> [What is expected]: Print each record that follows exactly, leaving the pictures behind.

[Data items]
* * * * * * * * *
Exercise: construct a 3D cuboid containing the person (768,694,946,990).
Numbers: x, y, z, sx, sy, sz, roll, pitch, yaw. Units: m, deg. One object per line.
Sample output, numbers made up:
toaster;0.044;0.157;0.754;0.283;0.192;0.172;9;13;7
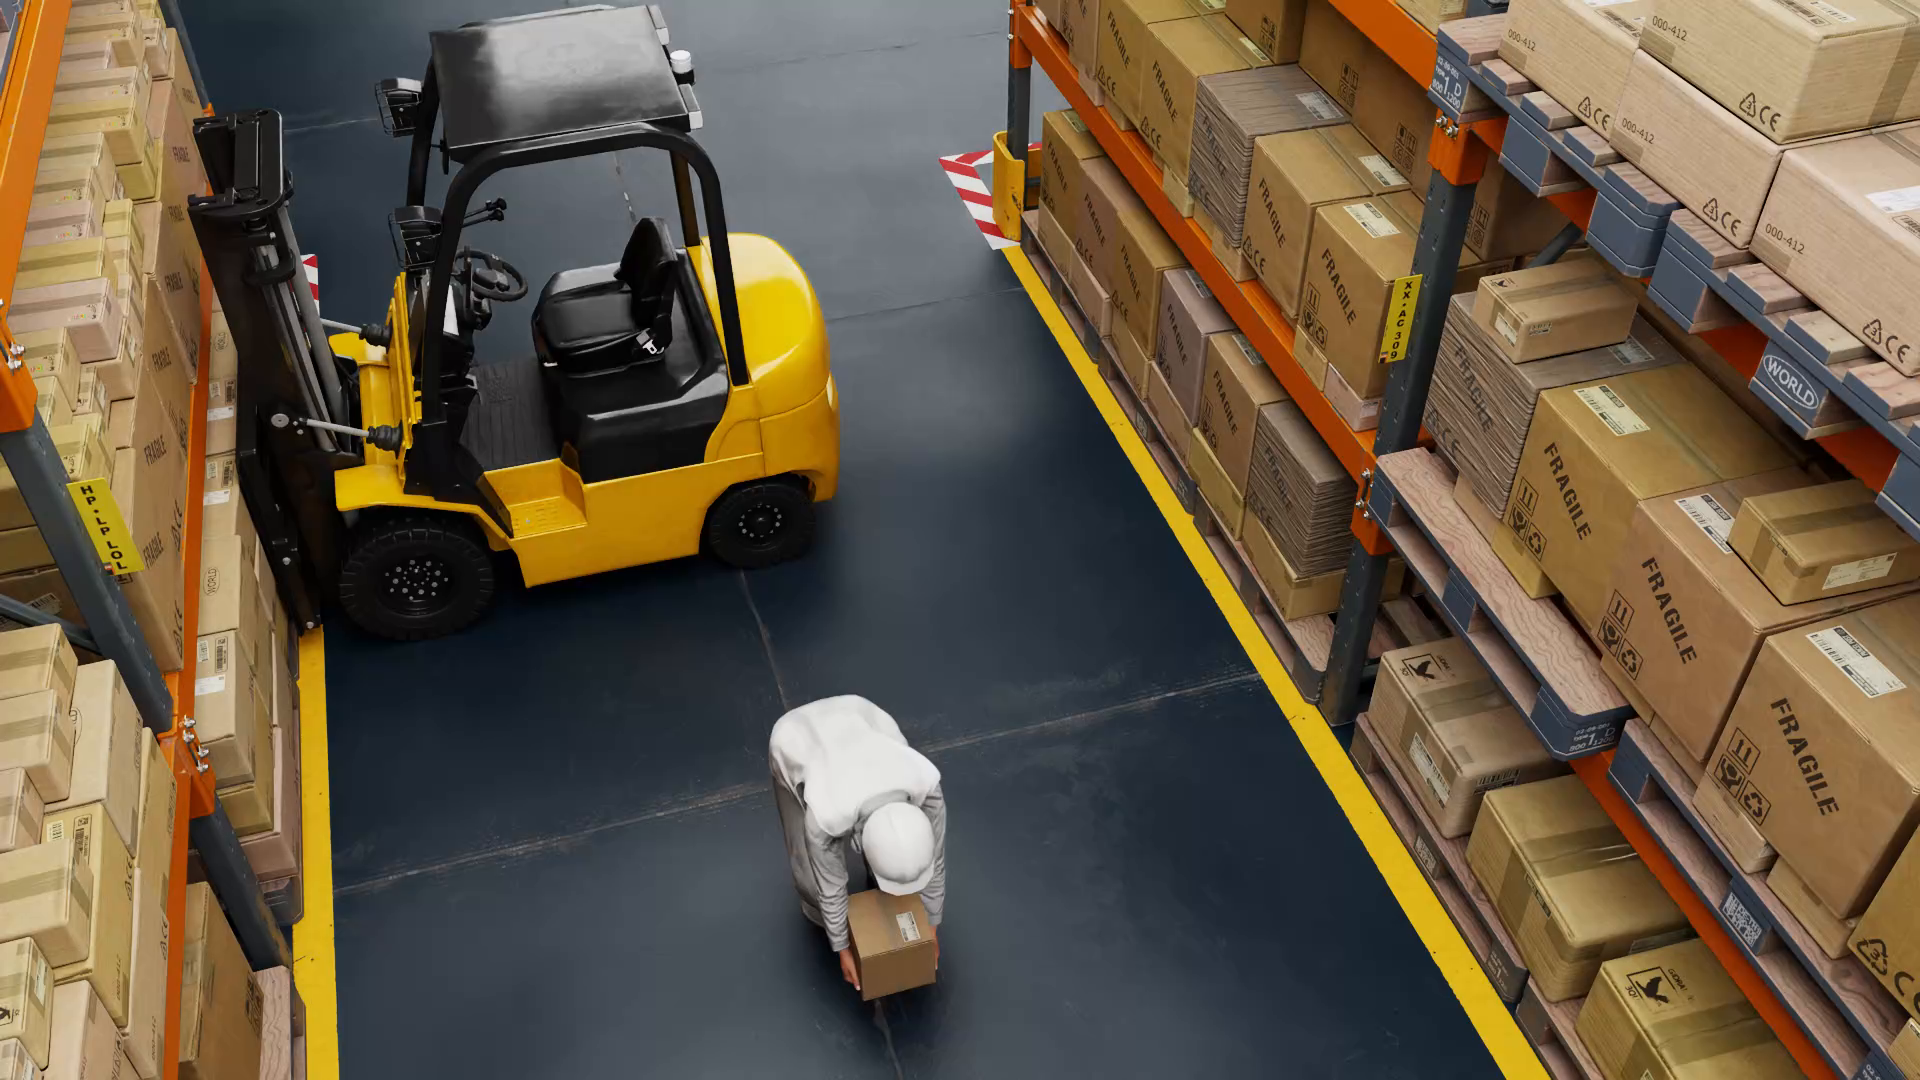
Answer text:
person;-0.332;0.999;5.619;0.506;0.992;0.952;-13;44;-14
* * * * * * * * *
> [Expected answer]:
Exercise: construct a 3D cuboid containing the person (768,694,946,990).
Numbers: x, y, z, sx, sy, sz, roll, pitch, yaw. Units: m, deg. One object per line.
Sample output, numbers made up:
toaster;0.044;0.157;0.754;0.283;0.192;0.172;9;13;7
Answer text:
person;-0.332;0.999;5.619;0.506;0.992;0.952;-13;44;-14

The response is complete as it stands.